In accordance with Section 139 of the Companies Act, 2013, read with the Companies (Audit and Auditors) Rules, 2014, the members of the Company, at the Annual General Meeting (AGM) held on July 7, 2022, approved the appointment of M/s Jayantilal Thakkar & Co. (Firm Registration Number 104133W) as Statutory Auditors for a five-year term, commencing from the conclusion of the 60th AGM and extending until the conclusion of the 65th AGM.

M/s Jayantilal Thakkar & Co. has confirmed that they continue to meet eligibility criteria and are not disqualified from serving as Auditors of the Company.

The Notes on Financial Statements referred to in the Auditors' Report are self-explanatory and do not call for any further comments. The Auditors' Report does not contain any qualification, reservation, adverse remark or disclaimer.

Internal Auditor:

The Board of Directors has appointed M/s. RTD & Associates, Chartered Accountants as the Internal Auditors for a one-year term for the FY 2025-26, in accordance with Section 138 of the Companies Act, 2013.

The appointed auditors have successfully completed the Internal Audit in line with the scope defined by the Audit Committee, ensuring compliance with regulatory requirements and strengthening governance and financial oversight.

Secretarial Auditor:

In accordance with Regulation 24A of the SEBI Listing Regulations and Section 204 of the Companies Act, the

Company is required to appoint a Secretarial Auditor, subject to approval by Members at its Annual General Meeting (AGM).

Based on the Board's recommendation, the Company has proposed the appointment of Mr. G.B.B Babuji, Company Secretary in Whole Time Practice (Certificate of Practice No. 8131) as the Secretarial Auditor for a five- year term, covering FY 2025-26 to FY 2029-30.

Following approval at the ensuing AGM, he will conduct the secretarial audit as mandated by the Act and SEBI Listing Regulations and provide the necessary audit report for the designated period.

Mr. G.B.B Babuji, Company Secretary in Whole Time Practice (Certificate of Practice No.8131) has confirmed that their appointment, if made, will comply with the eligibility criteria in terms of SEBI Listing Regulations. Further, the Secretarial Auditor has confirmed that they have subjected themselves to Peer Review process by the Institute of Company Secretaries of India ("ICSI") and hold valid certificate issued by the Peer Review Board of ICSI.

Pursuant to the provisions of Section 204 of the Act, the Companies (Appointment and Remuneration of Managerial Personnel) Rules, 201 4 and Regulation 24A of the SEBI Listing Regulations, the Company had appointed Mr. G.B.B Babuji, Company Secretary in Whole Time Practice (Certificate of Practice No.8131) to undertake the Secretarial Audit of the Company for FY25. The Company's assistance in facilitating the audit process ensures transparency and adherence to regulatory expectations.

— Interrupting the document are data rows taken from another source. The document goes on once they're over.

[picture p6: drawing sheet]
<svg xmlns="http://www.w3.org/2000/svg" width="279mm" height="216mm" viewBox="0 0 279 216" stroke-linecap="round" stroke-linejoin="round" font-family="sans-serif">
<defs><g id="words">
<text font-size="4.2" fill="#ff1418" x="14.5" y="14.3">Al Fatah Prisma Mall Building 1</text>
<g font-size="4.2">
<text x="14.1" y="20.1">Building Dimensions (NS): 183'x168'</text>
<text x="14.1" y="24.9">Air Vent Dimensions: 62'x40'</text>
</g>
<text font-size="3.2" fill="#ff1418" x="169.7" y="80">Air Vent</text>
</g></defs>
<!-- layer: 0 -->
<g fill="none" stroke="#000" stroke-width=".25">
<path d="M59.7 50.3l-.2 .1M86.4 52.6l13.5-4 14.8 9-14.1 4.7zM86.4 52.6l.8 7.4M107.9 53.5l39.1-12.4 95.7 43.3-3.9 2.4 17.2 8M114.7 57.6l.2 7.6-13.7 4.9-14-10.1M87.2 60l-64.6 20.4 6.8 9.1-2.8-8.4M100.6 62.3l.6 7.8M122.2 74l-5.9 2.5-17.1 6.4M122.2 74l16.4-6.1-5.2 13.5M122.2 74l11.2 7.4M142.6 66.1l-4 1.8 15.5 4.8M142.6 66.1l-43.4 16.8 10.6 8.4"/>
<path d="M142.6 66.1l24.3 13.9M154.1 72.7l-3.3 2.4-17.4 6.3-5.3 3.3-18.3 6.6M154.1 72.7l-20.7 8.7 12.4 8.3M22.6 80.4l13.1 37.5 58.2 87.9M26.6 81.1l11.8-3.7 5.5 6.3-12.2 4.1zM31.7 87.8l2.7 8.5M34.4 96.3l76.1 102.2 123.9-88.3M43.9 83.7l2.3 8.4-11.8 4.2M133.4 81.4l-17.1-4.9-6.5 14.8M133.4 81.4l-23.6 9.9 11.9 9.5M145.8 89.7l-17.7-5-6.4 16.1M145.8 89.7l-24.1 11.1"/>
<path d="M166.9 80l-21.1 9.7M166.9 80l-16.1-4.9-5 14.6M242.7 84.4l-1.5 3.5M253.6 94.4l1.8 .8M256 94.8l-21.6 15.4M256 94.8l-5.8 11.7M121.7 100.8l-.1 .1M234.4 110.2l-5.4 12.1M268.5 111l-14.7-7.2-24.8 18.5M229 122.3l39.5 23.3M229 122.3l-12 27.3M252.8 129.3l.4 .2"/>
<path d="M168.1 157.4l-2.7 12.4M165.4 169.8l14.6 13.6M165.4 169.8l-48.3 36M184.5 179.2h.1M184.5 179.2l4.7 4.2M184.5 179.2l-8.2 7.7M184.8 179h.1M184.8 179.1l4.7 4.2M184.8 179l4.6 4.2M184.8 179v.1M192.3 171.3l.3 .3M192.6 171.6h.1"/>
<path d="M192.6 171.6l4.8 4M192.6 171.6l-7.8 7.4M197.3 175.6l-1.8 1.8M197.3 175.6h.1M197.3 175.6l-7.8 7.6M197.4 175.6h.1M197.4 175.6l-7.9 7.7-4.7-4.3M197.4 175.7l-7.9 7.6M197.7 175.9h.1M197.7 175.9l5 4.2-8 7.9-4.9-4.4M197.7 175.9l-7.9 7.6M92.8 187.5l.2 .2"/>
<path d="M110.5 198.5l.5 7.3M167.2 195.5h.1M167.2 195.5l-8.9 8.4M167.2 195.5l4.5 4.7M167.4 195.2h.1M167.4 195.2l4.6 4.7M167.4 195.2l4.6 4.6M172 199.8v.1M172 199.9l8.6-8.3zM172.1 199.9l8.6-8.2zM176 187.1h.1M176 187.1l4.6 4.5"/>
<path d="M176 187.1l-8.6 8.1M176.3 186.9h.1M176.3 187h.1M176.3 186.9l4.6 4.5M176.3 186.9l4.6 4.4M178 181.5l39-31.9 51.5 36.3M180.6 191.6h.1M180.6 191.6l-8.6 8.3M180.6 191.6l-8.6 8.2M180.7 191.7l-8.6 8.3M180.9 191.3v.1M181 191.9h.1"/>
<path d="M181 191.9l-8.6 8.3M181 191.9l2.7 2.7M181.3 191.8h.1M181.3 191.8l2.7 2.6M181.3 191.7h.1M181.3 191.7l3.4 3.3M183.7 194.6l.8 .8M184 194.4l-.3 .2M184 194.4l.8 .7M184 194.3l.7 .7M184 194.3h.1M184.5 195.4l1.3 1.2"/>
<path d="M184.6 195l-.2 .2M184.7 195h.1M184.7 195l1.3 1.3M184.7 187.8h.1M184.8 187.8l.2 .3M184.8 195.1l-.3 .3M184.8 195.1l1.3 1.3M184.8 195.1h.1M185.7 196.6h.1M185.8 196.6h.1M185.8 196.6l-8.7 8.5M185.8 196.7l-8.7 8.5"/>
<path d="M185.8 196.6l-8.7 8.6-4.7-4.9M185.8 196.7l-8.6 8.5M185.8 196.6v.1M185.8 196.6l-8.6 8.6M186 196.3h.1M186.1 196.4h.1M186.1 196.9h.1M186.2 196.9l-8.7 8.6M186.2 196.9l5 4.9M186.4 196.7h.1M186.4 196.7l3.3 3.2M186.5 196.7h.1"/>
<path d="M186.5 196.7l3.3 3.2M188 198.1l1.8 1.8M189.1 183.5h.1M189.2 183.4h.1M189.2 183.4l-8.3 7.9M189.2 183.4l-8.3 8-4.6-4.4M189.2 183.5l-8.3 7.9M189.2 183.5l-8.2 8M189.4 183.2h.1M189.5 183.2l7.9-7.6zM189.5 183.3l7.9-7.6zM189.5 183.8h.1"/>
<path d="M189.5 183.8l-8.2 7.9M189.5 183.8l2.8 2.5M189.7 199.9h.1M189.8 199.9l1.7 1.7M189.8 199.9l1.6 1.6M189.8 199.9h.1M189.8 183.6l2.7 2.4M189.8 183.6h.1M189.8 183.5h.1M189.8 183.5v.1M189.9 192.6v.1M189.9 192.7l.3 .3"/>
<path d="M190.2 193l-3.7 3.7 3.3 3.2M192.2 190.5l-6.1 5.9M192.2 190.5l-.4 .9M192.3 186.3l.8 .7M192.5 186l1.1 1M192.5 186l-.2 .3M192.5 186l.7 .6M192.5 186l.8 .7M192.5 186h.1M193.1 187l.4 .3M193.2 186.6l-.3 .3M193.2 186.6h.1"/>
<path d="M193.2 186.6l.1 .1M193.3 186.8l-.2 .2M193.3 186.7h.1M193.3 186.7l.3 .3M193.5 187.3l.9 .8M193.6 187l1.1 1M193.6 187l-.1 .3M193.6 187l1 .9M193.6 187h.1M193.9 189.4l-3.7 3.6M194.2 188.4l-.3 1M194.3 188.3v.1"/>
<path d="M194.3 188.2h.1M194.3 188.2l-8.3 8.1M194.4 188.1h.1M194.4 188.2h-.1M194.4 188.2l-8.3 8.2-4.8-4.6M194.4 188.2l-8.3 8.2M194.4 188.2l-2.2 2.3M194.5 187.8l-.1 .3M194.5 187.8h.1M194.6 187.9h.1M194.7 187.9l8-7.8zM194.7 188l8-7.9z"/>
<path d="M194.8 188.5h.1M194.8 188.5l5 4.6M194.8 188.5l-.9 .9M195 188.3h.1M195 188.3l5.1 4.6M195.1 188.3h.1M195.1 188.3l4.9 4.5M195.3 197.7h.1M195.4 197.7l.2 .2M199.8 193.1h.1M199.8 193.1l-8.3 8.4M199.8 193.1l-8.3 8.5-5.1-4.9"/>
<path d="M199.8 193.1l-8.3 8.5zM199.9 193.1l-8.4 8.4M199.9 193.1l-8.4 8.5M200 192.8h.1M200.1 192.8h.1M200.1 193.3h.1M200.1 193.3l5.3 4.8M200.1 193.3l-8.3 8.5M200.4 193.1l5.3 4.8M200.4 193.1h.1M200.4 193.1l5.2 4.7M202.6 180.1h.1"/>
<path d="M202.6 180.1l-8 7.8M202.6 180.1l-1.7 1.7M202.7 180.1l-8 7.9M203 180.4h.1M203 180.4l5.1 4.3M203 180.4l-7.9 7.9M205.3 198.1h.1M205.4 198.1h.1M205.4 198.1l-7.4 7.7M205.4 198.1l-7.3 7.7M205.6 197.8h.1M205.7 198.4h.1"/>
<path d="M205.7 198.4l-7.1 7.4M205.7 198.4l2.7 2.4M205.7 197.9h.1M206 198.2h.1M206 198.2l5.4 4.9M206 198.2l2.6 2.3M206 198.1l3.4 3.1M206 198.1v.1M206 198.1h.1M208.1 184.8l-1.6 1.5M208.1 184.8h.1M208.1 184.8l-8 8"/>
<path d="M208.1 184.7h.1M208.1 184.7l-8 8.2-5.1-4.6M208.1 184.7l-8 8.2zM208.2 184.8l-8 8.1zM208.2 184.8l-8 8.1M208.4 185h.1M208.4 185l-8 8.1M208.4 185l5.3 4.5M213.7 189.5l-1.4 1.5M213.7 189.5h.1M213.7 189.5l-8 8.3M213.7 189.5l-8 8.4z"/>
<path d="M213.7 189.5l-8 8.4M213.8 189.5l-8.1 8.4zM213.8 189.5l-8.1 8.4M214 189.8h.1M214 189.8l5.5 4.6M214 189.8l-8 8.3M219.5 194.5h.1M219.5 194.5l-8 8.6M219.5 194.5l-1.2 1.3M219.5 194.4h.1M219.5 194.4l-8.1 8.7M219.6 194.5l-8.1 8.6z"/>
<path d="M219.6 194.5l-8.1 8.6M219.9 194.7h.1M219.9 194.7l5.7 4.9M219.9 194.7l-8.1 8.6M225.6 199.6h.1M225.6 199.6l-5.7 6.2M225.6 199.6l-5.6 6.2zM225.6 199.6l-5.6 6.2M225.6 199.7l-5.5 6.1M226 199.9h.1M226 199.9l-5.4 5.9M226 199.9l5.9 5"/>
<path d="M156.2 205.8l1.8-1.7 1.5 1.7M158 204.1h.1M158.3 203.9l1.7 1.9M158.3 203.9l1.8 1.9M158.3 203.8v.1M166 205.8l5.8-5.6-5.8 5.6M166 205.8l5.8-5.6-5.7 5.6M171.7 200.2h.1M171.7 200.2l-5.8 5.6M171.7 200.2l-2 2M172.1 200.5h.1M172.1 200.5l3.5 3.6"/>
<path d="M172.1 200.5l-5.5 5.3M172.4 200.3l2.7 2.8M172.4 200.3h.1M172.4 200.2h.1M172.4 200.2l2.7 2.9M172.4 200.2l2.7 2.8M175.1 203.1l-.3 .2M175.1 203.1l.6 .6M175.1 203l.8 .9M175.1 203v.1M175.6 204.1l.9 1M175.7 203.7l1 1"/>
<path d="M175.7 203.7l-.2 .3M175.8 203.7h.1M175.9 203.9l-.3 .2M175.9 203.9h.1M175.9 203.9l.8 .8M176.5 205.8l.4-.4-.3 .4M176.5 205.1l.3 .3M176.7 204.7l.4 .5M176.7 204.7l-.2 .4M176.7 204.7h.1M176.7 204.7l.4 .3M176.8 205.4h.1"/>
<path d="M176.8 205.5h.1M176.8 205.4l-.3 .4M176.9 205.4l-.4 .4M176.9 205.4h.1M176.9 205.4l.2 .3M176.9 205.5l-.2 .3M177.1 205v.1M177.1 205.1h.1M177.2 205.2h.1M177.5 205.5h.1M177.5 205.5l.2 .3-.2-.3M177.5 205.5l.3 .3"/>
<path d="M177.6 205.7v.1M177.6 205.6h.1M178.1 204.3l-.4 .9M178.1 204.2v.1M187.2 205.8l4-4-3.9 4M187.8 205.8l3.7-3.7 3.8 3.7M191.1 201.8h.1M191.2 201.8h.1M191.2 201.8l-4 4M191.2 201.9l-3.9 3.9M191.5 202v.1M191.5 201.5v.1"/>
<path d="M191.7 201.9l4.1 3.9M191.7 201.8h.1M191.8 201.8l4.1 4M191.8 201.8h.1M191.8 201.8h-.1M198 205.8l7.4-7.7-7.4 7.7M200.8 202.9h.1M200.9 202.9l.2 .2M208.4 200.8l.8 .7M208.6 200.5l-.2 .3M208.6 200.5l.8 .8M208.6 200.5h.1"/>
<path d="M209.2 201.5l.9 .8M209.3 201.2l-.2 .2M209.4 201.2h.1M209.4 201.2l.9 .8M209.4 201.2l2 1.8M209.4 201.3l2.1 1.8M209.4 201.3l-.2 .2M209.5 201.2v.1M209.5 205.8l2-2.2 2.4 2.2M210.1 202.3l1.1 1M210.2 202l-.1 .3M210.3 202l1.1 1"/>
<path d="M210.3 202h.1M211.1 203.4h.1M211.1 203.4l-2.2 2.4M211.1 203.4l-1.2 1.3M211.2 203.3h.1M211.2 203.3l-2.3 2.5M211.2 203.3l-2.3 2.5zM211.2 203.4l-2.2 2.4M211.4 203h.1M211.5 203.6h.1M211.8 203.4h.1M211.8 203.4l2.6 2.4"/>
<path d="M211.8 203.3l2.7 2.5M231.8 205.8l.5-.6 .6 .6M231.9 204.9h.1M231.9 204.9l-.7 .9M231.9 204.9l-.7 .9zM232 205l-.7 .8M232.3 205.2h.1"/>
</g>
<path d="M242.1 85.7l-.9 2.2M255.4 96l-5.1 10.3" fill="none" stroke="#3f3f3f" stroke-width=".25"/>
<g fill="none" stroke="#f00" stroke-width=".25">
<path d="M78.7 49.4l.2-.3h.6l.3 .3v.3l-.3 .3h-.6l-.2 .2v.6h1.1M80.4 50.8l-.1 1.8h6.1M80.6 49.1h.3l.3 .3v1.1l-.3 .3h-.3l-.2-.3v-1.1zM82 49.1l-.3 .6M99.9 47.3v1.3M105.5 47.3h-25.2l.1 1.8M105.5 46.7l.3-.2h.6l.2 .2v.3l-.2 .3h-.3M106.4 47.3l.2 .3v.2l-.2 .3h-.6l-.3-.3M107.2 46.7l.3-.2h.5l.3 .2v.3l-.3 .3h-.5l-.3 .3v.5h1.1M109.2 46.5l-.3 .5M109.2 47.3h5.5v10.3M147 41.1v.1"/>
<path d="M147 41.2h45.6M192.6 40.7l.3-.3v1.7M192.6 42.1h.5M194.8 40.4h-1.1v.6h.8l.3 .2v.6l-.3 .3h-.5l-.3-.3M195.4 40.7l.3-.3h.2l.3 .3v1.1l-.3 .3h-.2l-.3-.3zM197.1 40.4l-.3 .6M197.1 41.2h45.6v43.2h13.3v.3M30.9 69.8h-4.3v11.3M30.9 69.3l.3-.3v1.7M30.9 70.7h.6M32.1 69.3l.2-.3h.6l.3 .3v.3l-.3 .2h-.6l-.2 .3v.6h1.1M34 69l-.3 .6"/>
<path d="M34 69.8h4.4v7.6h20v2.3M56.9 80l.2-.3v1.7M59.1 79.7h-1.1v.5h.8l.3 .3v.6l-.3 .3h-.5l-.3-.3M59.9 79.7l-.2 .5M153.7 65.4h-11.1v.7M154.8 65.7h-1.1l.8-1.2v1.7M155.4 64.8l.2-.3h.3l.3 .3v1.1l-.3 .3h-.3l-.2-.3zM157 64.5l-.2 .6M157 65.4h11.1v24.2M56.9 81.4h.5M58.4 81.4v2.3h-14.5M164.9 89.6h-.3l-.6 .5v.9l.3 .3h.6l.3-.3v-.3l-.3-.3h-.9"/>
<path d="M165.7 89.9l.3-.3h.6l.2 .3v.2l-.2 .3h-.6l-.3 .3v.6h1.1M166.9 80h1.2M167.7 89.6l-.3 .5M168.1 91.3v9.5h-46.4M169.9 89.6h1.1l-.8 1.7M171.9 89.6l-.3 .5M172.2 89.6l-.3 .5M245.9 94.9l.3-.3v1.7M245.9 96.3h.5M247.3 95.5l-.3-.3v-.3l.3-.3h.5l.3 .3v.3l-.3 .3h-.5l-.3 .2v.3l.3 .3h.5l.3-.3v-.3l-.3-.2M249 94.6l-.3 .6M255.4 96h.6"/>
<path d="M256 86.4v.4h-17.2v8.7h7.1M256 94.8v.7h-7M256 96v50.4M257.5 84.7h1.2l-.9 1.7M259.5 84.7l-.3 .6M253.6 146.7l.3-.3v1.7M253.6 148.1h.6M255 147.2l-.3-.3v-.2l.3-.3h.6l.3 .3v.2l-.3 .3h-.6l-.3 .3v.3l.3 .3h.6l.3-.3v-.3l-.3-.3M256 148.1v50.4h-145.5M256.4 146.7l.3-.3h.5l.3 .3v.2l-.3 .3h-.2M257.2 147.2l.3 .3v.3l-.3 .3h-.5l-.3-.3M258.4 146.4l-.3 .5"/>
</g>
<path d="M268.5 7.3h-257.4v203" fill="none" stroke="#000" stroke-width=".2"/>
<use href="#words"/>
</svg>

Further, pursuant to SEBI Circular CIR/CFD/ CMD1/27/2019 dated 8th February, 2019, Mr. G.B.B Babuji, has also conducted the Annual Secretarial Compliance. The Secretarial Audit Report for the FY ended 31st March, 2025 is annexed herewith marked as Annexure-III.

Cost Auditor:

Your Company is required to make and maintain cost records as specified by the Central Government under sub-section (1) of section 148 of the Act. Accordingly, your Company has been making and maintaining such cost records as per the requirements. The cost records are maintained in such manner which enable the Company to exercise, to the extent possible, control over the various operating costs to achieve optimum economies in utilisation of resources.

During the year, Company's revenue from exports, in foreign exchange, does not exceeds 75% per cent of the Company's total revenue and pursuant to Rule 4 of Cost Records Rules of Companies Act, 2013 as amended from time to time, Cost Audit is applicable to the Company for the FY 2024-25.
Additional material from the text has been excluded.